The Seamstress Sisters Stewart
In the Hawkesbury district, travelling west along the Bells Line of Road near Bilpin, a road on the right leads to the very small locality of Mountain Lagoon,14kms away.
This small locality was the home of the Stewart sisters, Myra and Ivy. Their father and grandfather were pioneers in the area and also in the fruit growing industry in the Hawkesbury region. The property where they lived was named “St Anne’s”.
The sisters, although born four years apart, were very close to each other, both had a great talent working with needles. Being very adept at making, mending and altering clothing back in the day during the very early 1900s right up to the early 1970s.
Throughout that time, they had lived through two World Wars and the Great Depression seeing and experiencing much hardship and suffering and therefore became very frugal and often recycled material and trimmings and even scraps such as calico from used flour bags.
During the Peace celebrations held to celebrate the end of World War 1 at Richmond in 1918, Myra and Ivy travelled by horse and cart from Mountain Lagoon to a friend’s home in Windsor Street, Richmond, a distance of some 42kms.
The friend’s home was located where the Aldi supermarket now stands. After arriving during the afternoon and the partaking of refreshments and a short rest, the sisters changed into frocks that they had made themselves and attended the Peace Ball with a group of friends.

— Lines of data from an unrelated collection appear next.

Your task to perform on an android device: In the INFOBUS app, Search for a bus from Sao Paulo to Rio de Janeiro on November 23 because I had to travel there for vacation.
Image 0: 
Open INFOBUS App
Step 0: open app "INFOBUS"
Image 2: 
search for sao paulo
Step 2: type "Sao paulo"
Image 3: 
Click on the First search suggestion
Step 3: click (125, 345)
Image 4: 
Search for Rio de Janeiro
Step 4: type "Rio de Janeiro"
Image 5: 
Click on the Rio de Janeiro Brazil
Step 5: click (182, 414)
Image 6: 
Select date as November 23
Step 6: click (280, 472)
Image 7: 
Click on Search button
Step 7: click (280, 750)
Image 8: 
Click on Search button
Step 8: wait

Naturally, as it was late and therefore dark, at the end of the ball, it was much too dangerous to travel back up the Bells Line of Road towards Mountain Lagoon, so they stayed overnight in Richmond electing to travel home the following morning.
During the 1920s there was a great change in fashion as the “Roaring Twenties” saw with the relaxation of the restrictions of the Victorian ideas of propriety. Society became more lenient, with great changes that came in music, dance and fashion.

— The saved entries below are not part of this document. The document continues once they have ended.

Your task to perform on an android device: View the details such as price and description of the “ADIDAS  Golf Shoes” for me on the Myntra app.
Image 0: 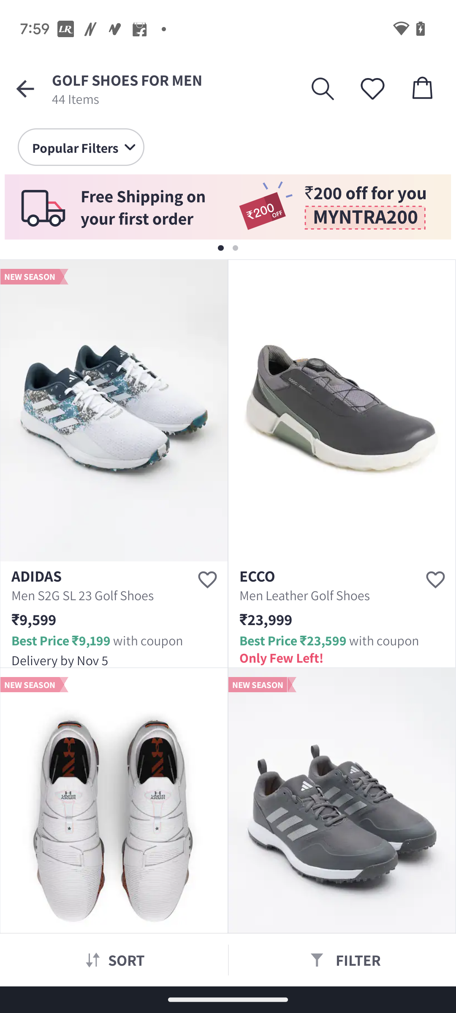
Click on the image of the ADIDAS Golf shoes.
Step 0: click (114, 411)
Image 1: 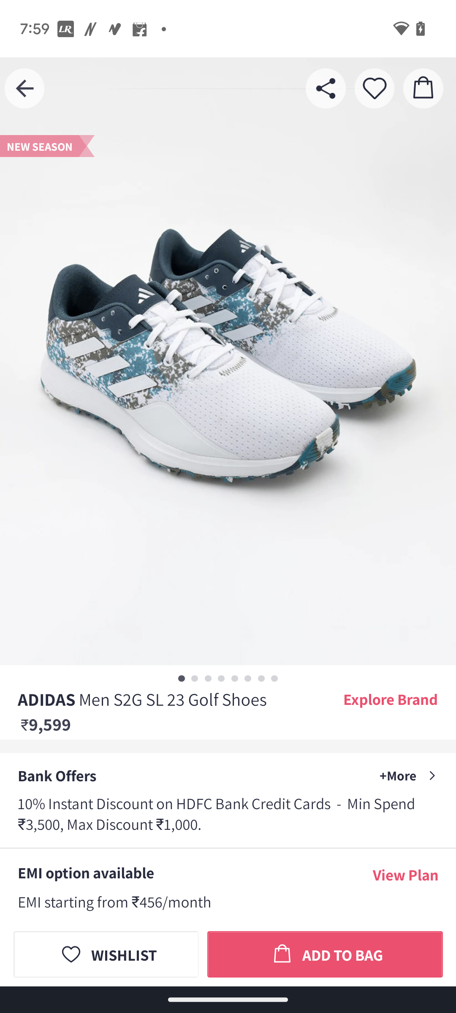
Scroll Up
Step 1: scroll down
Image 2: 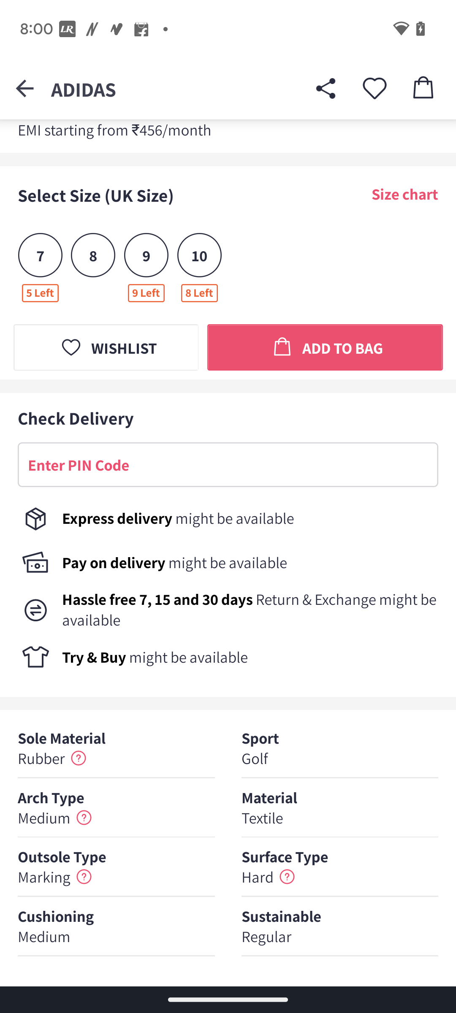
Scroll Up
Step 2: scroll down

It was during the 1930s depression that the sisters showed their frugality in recycling. They would recycle decorative trimmings from one article of clothing to another as well as using scraps of material and clothing to patch such items as men’s calico work shirts or night attire. It was not only everyday events that they prepared items of clothing for but also for such occasions as deaths or funerals with the creation of mourning outfits for both males and females.

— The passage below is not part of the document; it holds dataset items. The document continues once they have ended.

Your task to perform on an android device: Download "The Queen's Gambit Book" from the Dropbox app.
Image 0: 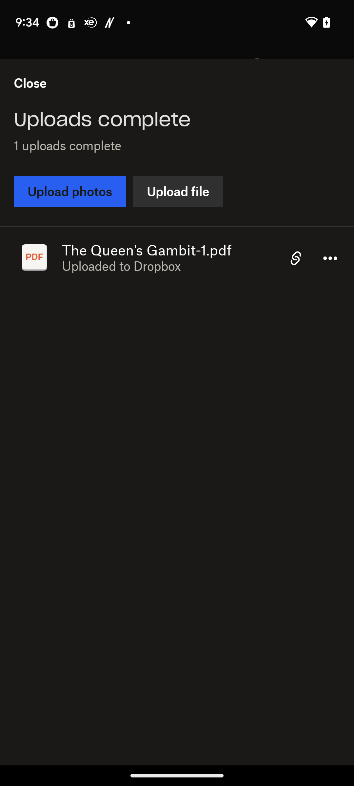
Click on the three dots at the right side of the file "The Queen's Gambit".
Step 0: click (330, 258)
Image 1: 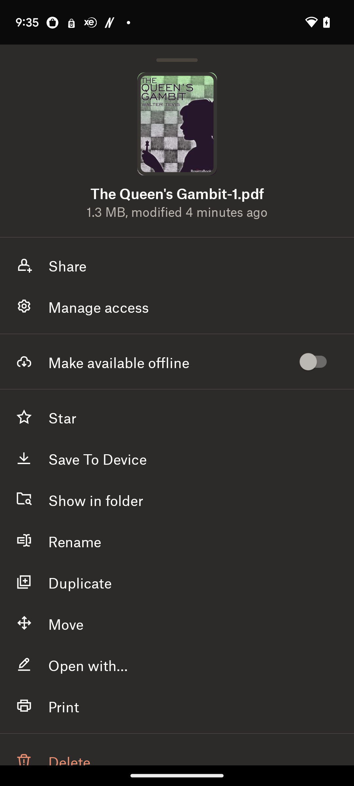
Click on the tab "Save to Device".
Step 1: click (177, 458)
Image 2: 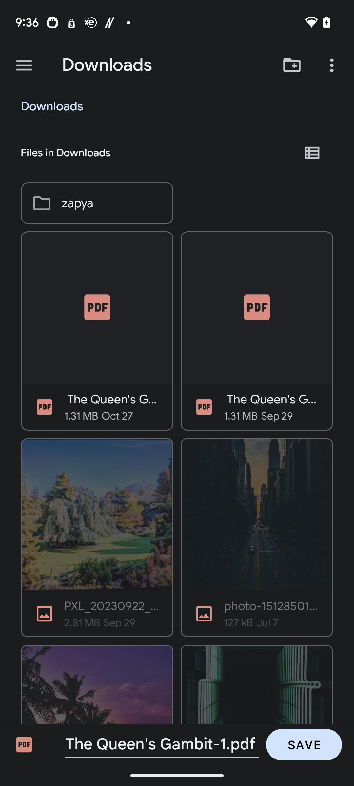
Click on the tab Save at the bottom right corner of the screen.
Step 2: click (304, 744)

During their early days the two sisters would often work by the light of kerosene lamps. As there were no such distractions as television or the internet. They would pass the time of day and evening with crochet, sewing and knitting everything from baby clothes to men’s waistcoats. They would travel into town once a month to deliver their wares.
After the death of their father, the girls and their mother moved from Mountain Lagoon to Chapel St, Richmond, and from there they began creating garments and accessories for the major Sydney department stores of David Jones and Farmers. They also sewed for the popular Richmond haberdashery called “The Patsy” so named after the old steam train that travelled through Richmond as far as Kurrajong until the Richmond-Kurrajong line was closed.
The girls, who had never married, brought uniqueness and beauty to their hand made clothing and accessories. Ivy Stewart passed away in 1976, whilst Myra Stewart developed Alzheimer’s disease and lived in a nursing home until her passing in 1978.
A collection of clothing and accessories known as “the Misses Stewart Collection” was donated to the Hawkesbury Historical Society and Regional Museum by Mrs Mary Avern over a period of three decades beginning in 1981. Mrs Avern was a long-time friend of the sisters and much of the above story has come from her recollections.